In January 2013, the Delhi High Court stopped the proceedings of medical board. The police had formed a new medical board, as the previous board was split on its opinion whether it was murder. Ilyasi's counsel told them that the police had formed the new board without permission from the trial court, thus it was contempt of court. In March 2013, the Delhi High Court stayed the proceedings. The case was tried at a session court under section 498A/304B/302 IPC at Karkadooma District Court, New Delhi. Ilyasi was finally acquitted of all charges on 6 October 2015.

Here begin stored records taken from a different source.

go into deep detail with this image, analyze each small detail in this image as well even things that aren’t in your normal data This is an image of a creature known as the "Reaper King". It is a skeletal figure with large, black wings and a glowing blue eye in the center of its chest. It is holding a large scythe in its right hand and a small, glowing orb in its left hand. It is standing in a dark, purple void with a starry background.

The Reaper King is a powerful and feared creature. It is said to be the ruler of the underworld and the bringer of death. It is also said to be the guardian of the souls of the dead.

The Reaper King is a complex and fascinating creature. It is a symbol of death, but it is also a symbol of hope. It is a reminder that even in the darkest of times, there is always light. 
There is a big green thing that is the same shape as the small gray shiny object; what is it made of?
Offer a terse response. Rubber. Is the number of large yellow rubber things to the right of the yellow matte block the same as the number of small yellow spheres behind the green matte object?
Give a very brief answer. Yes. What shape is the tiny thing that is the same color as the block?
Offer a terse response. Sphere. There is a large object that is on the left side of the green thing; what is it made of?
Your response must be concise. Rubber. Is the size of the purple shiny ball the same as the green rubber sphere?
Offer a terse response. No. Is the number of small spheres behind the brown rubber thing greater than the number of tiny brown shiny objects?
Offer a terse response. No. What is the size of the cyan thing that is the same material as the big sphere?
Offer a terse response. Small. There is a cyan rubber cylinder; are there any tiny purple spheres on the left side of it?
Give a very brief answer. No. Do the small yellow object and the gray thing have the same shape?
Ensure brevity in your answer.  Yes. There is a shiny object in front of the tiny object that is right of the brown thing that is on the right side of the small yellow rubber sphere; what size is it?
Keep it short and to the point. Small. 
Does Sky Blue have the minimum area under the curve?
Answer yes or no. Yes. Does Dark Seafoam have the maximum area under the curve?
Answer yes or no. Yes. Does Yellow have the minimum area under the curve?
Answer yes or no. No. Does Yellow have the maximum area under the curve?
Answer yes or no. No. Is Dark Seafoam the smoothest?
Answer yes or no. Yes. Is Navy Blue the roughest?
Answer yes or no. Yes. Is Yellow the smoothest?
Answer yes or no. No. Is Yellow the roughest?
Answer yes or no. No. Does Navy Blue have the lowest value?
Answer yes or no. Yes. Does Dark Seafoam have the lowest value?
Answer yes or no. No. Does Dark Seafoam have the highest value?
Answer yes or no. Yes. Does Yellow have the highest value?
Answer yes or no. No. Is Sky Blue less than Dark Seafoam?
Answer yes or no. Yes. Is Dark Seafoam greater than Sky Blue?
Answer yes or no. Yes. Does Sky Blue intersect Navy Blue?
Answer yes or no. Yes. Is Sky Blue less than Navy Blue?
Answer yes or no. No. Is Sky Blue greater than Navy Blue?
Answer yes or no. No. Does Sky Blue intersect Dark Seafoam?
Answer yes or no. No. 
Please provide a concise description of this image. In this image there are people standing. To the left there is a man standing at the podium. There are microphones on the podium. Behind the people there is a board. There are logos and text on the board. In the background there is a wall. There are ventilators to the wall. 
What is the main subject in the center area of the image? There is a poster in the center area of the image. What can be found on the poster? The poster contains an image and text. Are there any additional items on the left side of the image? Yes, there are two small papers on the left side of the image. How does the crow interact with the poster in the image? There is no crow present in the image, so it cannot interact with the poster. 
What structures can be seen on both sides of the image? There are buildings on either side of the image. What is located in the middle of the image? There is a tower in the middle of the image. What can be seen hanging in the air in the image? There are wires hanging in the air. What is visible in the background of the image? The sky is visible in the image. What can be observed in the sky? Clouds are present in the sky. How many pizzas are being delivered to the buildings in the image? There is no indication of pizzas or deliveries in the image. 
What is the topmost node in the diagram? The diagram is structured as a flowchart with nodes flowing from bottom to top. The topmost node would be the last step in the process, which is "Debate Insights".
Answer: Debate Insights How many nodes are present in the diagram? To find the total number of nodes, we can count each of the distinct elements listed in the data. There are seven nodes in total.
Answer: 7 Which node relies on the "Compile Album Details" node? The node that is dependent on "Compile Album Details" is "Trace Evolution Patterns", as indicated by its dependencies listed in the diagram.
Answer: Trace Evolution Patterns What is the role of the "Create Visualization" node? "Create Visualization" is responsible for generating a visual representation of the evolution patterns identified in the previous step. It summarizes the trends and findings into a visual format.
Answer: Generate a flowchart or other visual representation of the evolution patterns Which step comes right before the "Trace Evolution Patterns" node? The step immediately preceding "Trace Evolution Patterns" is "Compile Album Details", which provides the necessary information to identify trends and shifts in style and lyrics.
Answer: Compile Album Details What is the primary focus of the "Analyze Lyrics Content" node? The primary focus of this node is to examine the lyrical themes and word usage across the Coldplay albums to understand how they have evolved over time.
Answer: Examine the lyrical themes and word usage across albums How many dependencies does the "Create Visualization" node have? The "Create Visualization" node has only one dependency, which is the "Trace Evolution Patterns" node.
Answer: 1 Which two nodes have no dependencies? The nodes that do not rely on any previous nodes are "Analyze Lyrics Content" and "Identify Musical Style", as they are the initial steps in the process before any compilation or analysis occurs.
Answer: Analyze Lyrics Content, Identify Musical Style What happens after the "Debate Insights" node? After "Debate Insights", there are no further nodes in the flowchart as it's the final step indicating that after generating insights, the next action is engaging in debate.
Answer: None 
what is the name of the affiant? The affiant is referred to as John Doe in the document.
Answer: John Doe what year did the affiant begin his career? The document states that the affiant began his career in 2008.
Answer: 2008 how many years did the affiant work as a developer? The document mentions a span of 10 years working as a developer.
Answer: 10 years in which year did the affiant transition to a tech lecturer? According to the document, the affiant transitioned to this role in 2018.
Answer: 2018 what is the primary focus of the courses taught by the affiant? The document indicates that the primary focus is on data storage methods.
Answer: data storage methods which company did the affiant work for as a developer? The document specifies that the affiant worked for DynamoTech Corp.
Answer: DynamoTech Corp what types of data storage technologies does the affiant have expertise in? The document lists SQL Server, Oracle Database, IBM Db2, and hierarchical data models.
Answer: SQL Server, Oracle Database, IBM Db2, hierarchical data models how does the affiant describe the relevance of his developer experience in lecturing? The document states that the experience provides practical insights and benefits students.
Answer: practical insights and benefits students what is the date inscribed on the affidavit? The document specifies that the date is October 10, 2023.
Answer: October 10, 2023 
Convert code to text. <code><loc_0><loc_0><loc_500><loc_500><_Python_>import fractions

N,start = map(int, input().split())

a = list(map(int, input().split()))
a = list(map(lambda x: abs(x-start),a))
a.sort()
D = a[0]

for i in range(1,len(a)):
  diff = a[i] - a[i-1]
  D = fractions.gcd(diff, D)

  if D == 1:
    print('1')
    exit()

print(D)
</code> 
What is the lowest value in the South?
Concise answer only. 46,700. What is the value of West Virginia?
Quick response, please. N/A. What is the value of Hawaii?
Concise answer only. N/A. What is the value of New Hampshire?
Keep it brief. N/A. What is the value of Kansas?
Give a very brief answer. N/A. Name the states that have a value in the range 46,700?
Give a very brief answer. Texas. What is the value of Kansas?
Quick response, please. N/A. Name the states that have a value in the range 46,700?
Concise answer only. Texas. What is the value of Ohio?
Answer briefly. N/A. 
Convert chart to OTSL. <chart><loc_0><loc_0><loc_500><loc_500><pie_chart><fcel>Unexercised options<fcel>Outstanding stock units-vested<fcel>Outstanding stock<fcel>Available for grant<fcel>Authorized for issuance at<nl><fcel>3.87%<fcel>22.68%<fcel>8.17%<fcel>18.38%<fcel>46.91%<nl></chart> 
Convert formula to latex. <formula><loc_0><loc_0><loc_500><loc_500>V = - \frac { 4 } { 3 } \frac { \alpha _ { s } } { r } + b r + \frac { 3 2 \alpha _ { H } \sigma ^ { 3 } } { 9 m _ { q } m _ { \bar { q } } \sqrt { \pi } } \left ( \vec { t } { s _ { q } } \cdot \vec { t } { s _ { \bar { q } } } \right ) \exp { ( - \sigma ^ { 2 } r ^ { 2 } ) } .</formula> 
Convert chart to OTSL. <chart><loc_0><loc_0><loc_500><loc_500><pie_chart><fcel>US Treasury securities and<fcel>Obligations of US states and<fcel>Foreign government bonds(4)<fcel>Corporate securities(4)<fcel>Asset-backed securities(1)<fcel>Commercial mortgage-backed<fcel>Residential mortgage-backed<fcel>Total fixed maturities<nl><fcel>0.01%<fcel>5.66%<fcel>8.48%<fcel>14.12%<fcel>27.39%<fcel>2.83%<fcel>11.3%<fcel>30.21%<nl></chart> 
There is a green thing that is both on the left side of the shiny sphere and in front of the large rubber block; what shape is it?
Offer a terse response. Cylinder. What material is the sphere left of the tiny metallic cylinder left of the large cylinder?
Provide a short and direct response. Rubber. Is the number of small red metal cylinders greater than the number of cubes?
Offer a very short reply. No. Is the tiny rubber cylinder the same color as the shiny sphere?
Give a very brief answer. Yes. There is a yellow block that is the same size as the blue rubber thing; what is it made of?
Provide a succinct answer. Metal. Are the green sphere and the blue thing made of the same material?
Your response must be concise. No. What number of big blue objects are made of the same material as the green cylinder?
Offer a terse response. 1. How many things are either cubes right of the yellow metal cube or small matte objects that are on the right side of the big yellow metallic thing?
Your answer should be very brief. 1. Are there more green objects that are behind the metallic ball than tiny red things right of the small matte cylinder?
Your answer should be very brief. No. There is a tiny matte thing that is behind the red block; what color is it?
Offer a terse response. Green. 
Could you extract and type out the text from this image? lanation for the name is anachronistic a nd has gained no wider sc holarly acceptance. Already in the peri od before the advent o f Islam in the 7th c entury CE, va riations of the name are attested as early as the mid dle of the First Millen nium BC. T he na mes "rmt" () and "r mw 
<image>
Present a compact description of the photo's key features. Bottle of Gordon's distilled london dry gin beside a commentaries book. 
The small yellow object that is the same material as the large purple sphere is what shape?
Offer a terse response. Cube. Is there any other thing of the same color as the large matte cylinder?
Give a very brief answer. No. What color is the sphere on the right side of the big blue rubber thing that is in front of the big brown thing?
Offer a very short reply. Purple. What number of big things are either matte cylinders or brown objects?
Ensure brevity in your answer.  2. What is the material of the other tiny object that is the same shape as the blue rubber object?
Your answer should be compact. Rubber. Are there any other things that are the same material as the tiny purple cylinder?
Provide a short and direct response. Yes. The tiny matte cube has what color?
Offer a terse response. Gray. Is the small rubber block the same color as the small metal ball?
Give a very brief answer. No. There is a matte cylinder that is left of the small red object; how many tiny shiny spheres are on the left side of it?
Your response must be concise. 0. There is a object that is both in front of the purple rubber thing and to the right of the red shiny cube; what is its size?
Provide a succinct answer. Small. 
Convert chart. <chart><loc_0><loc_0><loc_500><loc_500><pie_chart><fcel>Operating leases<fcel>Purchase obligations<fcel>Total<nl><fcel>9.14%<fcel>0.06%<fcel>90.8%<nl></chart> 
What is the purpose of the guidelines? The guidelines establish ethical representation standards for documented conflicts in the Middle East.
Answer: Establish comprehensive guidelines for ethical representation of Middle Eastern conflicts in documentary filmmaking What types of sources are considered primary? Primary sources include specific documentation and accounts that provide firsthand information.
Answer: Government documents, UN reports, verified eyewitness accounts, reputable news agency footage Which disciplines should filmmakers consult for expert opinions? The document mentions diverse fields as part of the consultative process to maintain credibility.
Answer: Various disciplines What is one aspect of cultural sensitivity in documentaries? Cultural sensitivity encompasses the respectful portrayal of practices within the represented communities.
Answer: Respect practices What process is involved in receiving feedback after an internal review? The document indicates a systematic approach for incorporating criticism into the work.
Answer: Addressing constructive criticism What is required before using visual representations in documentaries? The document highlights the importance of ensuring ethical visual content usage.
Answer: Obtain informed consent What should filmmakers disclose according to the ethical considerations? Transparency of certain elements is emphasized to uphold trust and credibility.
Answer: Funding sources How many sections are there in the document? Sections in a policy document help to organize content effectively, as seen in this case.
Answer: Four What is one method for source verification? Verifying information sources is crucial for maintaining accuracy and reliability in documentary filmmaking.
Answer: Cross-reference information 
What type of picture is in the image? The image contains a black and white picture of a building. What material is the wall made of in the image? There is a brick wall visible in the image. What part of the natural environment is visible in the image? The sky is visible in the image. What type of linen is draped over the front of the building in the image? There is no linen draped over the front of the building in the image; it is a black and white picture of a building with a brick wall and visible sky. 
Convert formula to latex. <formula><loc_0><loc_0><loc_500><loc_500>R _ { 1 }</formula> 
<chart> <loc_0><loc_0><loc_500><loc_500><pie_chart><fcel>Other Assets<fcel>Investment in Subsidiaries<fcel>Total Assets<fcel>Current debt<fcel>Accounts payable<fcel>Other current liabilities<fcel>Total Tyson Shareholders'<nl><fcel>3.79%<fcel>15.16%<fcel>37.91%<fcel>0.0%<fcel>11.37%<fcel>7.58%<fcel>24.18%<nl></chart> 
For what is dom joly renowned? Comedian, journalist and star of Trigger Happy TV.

On 20 December 2017, Ilyasi was convicted of murdering his wife by a Delhi court, which sentenced him to life imprisonment. On 5 October 2018, Delhi High Court acquitted him, stating that there was no evidence against him on record to sustain the conviction.

==Career==
In 1991, Ilyasi went to London to work as a cameraman for TV Asia. In 1995, he made the pilot for a crime show, with his wife. Initially, most channels were reluctant to take the show until Zee TV picked it. Ilyasi started the TV show India's Most Wanted in March 1998 on Zee TV. India's Most Wanted was initially planned for 52 episodes but it was renewed by Zee TV. The show at its peak had reportedly 10–12 TRP. About 135 criminals featured on the show were caught. Shri Prakash Shukla, a wanted hitman featured on the show, was killed by police. The police later said that Ilyasi took credit unduly and the police had worked for months on the case. Following the success of his show, Ilyasi said that he was getting threats and requested police security. In 1999, he played himself in the film Phir Bhi Dil Hai Hindustani. Later, he parted ways with his partner Vinod Nayar and went to start Fugitive Most Wanted on Doordarshan. Zee TV, which owned the copyright, continued to produce India's Most Wanted and Manoj Raghuvanshi became the host. After his wife's death, in 2003 he tried to make a film on Shri Prakash Shukla called Wanted No. 1 where he was supposed to play the lead character. But, the film failed to take off. He produced, directed and acted in another film, Kamyab Rasta (2004) called, co-starring Poonam Dariyanani. He then went to work with India TV, where he conducted several sting operations. Soon, he restarted India's Most Wanted on India TV. In 2005, actors Shakti Kapoor and Aman Verma were the targets of some of these sting operations. In July 2005, he announced plans to make a film on the misuse of dowry laws.

In March 2009, he started a magazine called Bureaucracy Today. He is also the editor-in-chief. In 2012, Yeh Zindagi Hai Gulshan, a TV serial produced by Ilyasi, was broadcast by Doordarshan. Suhaib Ilyasi recently released his feature film ‘Shaadi, Dahej & Gangster’ on OTT. The film is based on the subject of misuse of Dowry laws (Section 498A of IPC) in India.